● Exercise aim
An exact copy of all the data is required.

Top of The data

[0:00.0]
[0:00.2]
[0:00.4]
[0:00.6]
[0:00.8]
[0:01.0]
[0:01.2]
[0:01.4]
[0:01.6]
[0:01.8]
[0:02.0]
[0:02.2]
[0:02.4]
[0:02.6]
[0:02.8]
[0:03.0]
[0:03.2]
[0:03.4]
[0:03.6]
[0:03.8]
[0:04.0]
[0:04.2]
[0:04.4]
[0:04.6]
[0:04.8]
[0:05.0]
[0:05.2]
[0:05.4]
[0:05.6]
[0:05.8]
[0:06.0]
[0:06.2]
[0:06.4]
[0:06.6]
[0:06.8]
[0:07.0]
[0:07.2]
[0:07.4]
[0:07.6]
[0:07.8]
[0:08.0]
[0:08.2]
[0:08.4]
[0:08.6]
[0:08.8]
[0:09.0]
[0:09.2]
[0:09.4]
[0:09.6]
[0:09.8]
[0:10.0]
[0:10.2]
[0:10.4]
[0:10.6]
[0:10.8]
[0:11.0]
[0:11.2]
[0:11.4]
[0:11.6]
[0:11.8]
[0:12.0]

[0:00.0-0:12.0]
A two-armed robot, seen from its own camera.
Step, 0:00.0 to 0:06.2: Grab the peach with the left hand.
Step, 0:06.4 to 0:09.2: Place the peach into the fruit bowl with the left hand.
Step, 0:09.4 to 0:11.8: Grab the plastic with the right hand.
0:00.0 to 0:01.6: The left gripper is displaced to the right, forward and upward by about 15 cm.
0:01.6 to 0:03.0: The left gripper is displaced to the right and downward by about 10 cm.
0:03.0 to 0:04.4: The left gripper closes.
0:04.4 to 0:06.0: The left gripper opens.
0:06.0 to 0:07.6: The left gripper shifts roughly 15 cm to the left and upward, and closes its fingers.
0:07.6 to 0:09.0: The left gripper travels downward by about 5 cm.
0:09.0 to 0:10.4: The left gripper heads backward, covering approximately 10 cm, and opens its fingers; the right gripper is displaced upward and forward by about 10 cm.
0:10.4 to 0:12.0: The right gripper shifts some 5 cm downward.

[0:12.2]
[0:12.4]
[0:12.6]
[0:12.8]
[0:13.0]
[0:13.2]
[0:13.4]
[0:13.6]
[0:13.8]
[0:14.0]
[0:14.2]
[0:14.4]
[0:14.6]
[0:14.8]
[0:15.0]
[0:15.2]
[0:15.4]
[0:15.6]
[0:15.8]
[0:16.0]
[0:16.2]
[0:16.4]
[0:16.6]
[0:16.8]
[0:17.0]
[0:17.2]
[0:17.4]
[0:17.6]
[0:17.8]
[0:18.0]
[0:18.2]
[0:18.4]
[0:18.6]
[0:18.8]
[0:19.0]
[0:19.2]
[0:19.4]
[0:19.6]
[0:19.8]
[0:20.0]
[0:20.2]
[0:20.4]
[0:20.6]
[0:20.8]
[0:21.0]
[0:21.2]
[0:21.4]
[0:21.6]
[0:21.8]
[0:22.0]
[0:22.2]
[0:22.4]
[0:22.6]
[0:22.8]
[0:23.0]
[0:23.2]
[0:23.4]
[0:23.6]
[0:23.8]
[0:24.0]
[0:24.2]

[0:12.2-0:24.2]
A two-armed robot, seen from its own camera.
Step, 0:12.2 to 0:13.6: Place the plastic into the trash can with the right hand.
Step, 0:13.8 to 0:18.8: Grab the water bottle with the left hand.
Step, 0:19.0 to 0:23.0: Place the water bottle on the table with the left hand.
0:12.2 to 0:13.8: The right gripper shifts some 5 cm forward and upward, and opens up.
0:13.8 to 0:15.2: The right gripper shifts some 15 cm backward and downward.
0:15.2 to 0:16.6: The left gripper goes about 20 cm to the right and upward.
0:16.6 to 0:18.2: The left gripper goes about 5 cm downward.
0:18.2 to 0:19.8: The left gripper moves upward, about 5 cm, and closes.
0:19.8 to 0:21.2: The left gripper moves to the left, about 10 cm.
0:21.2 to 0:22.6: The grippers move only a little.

Bottom of The data

● Written answer
[0:00.0]
[0:00.2]
[0:00.4]
[0:00.6]
[0:00.8]
[0:01.0]
[0:01.2]
[0:01.4]
[0:01.6]
[0:01.8]
[0:02.0]
[0:02.2]
[0:02.4]
[0:02.6]
[0:02.8]
[0:03.0]
[0:03.2]
[0:03.4]
[0:03.6]
[0:03.8]
[0:04.0]
[0:04.2]
[0:04.4]
[0:04.6]
[0:04.8]
[0:05.0]
[0:05.2]
[0:05.4]
[0:05.6]
[0:05.8]
[0:06.0]
[0:06.2]
[0:06.4]
[0:06.6]
[0:06.8]
[0:07.0]
[0:07.2]
[0:07.4]
[0:07.6]
[0:07.8]
[0:08.0]
[0:08.2]
[0:08.4]
[0:08.6]
[0:08.8]
[0:09.0]
[0:09.2]
[0:09.4]
[0:09.6]
[0:09.8]
[0:10.0]
[0:10.2]
[0:10.4]
[0:10.6]
[0:10.8]
[0:11.0]
[0:11.2]
[0:11.4]
[0:11.6]
[0:11.8]
[0:12.0]

[0:00.0-0:12.0]
A two-armed robot, seen from its own camera.
Step, 0:00.0 to 0:06.2: Grab the peach with the left hand.
Step, 0:06.4 to 0:09.2: Place the peach into the fruit bowl with the left hand.
Step, 0:09.4 to 0:11.8: Grab the plastic with the right hand.
0:00.0 to 0:01.6: The left gripper is displaced to the right, forward and upward by about 15 cm.
0:01.6 to 0:03.0: The left gripper is displaced to the right and downward by about 10 cm.
0:03.0 to 0:04.4: The left gripper closes.
0:04.4 to 0:06.0: The left gripper opens.
0:06.0 to 0:07.6: The left gripper shifts roughly 15 cm to the left and upward, and closes its fingers.
0:07.6 to 0:09.0: The left gripper travels downward by about 5 cm.
0:09.0 to 0:10.4: The left gripper heads backward, covering approximately 10 cm, and opens its fingers; the right gripper is displaced upward and forward by about 10 cm.
0:10.4 to 0:12.0: The right gripper shifts some 5 cm downward.

[0:12.2]
[0:12.4]
[0:12.6]
[0:12.8]
[0:13.0]
[0:13.2]
[0:13.4]
[0:13.6]
[0:13.8]
[0:14.0]
[0:14.2]
[0:14.4]
[0:14.6]
[0:14.8]
[0:15.0]
[0:15.2]
[0:15.4]
[0:15.6]
[0:15.8]
[0:16.0]
[0:16.2]
[0:16.4]
[0:16.6]
[0:16.8]
[0:17.0]
[0:17.2]
[0:17.4]
[0:17.6]
[0:17.8]
[0:18.0]
[0:18.2]
[0:18.4]
[0:18.6]
[0:18.8]
[0:19.0]
[0:19.2]
[0:19.4]
[0:19.6]
[0:19.8]
[0:20.0]
[0:20.2]
[0:20.4]
[0:20.6]
[0:20.8]
[0:21.0]
[0:21.2]
[0:21.4]
[0:21.6]
[0:21.8]
[0:22.0]
[0:22.2]
[0:22.4]
[0:22.6]
[0:22.8]
[0:23.0]
[0:23.2]
[0:23.4]
[0:23.6]
[0:23.8]
[0:24.0]
[0:24.2]

[0:12.2-0:24.2]
A two-armed robot, seen from its own camera.
Step, 0:12.2 to 0:13.6: Place the plastic into the trash can with the right hand.
Step, 0:13.8 to 0:18.8: Grab the water bottle with the left hand.
Step, 0:19.0 to 0:23.0: Place the water bottle on the table with the left hand.
0:12.2 to 0:13.8: The right gripper shifts some 5 cm forward and upward, and opens up.
0:13.8 to 0:15.2: The right gripper shifts some 15 cm backward and downward.
0:15.2 to 0:16.6: The left gripper goes about 20 cm to the right and upward.
0:16.6 to 0:18.2: The left gripper goes about 5 cm downward.
0:18.2 to 0:19.8: The left gripper moves upward, about 5 cm, and closes.
0:19.8 to 0:21.2: The left gripper moves to the left, about 10 cm.
0:21.2 to 0:22.6: The grippers move only a little.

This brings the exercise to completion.